The January 6 attack on the U.S. Capitol to disrupt the certification of the 2020 presidential election led to the first application of the “disqualification from public office” provision of the U.S. Constitution in more than a century. Earlier this year, in a case brought by Citizens for Responsibility and Ethics in Washington and others, a New Mexico court disqualified a county official from holding office based on his role in trespassing at the Capitol, and for participating in the “surrounding planning, mobilization, and incitement” which caused the insurrection. (The case is on appeal.) The disqualification clause contained in Section 3 of the 14th Amendment provides that public office holders who have taken an oath to support the U.S. Constitution and then engage in insurrection or rebellion against the United States, or who give aid or comfort to enemies of the United States, are barred from serving ever again in public office.

In this essay and an accompanying report, we build on the established collective understanding to analyze contemporary enforcement of the disqualification clause. Our analysis describes how the disqualification clause can currently be enforced.

The limited prior enforcement of the disqualification clause has led some to conclude that modern federal enforcement legislation is necessary to apply Section 3 against individuals involved in the January 6 attack on the Capitol. However, a combination of state, federal, and administrative mechanisms already provide a limited legal framework to enforce this provision, as a law review article completed shortly before the events of January 6, 2021 illustrates. This structure consists of processes to prevent a declared candidate for elected office from being placed on the ballot, prevent a disqualified candidate-elect from taking the oath of office, or remove a disqualified official from office (see p. 184 of the law review article).

States have their own processes that allow certain individuals to petition the state’s designated certifying body to find that a candidate is not qualified to hold office. Those processes vary by state, but they could be used to enforce the 14th Amendment disqualification of individuals who are running to hold elected state office; to serve as a presidential elector; to serve as the president or vice president; or to serve as a member of Congress.

While Congress has the exclusive constitutional authority to judge the qualifications of its members (which includes the power to refuse to seat members-elect), states have long used their own power over elections to prevent candidates from appearing on ballots if they are constitutionally ineligible to hold the office they seek (See, for example, Cawthorn v. Amalfi 35 F.4th 245 (4th Cir. 2022) (Wynn, J., concurring in the judgment)).

The so-called writ of quo warranto allows federal or state courts to hear challenges to a person’s right to hold public office and remove an unqualified individual from office. At the federal level, Congress codified quo warranto in the District of Columbia Code. Under the quo warranto law, the federal district court in Washington may issue a writ of quo warranto against anyone in the District who unlawfully holds “a public office of the United States.”

Like the federal government, some states have codified processes for individuals to petition courts for a writ of quo warranto (for instance, see Florida’s statute). The utilization of such a statute was, for example, how the state official was removed in New Mexico. However, even in states where the process has not been codified, it may still be possible to petition a court to remove a disqualified office holder under the common law writ of quo warranto. These processes can be used to remove disqualified elected state or local office holders and appointed state or local office holders.

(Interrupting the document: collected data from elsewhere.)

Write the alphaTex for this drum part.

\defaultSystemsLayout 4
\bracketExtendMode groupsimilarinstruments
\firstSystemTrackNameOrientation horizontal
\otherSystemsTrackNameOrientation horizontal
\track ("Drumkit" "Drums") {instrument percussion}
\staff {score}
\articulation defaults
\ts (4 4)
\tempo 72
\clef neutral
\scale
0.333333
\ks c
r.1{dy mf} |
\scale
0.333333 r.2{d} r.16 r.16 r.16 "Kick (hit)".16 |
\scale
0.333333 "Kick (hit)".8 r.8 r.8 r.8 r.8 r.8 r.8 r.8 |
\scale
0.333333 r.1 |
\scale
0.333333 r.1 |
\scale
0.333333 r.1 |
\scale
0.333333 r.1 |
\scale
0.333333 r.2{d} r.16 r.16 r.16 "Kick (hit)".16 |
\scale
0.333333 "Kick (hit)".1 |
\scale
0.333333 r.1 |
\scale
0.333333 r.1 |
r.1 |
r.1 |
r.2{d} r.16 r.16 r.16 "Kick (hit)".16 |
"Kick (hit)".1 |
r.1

Thus, as the accompanying report describes, there is already legal infrastructure in place to enforce Section 3 against many federal, state, and local officials. Congressional action is not necessary for enforcement actions utilizing these processes.

That said, certain statements in the final report by the U.S. House Select Committee to Investigate the January 6th Attack on the United States Capitol would bolster any future enforcement action. Specifically, the Select Committee could and should make factual and legal findings that it has uncovered disqualifying conduct, and that Section 3 can and should be enforced through existing processes. We provide greater detail on those factual and legal findings in the report.

The Select Committee has, of course, already revealed compelling new evidence showing the involvement of the former president, several members of Congress, and scores of other individuals — who are covered by Section 3 of the 14th Amendment — in a coordinated effort to overturn the election. Some of this evidence points to planning an act of insurrection against the U.S. government, which would squarely trigger disqualification under Section 3. That evidence should now be gathered together with any other relevant proof in the Committee’s files and be presented in the form of a Watergate-style roadmap. That should be complemented by legal findings.

In sum, though there is no statute explicitly designed to enforce Section 3, there are multiple legal processes currently available to enforce the disqualification clause of the 14th Amendment. While these processes are viable without additional congressional action, a clear statement of the applicable law by the Committee could help settle open questions and provide guidance to the various decision-makers who would be involved in exercising or applying those existing legal processes at the local, state, or federal level.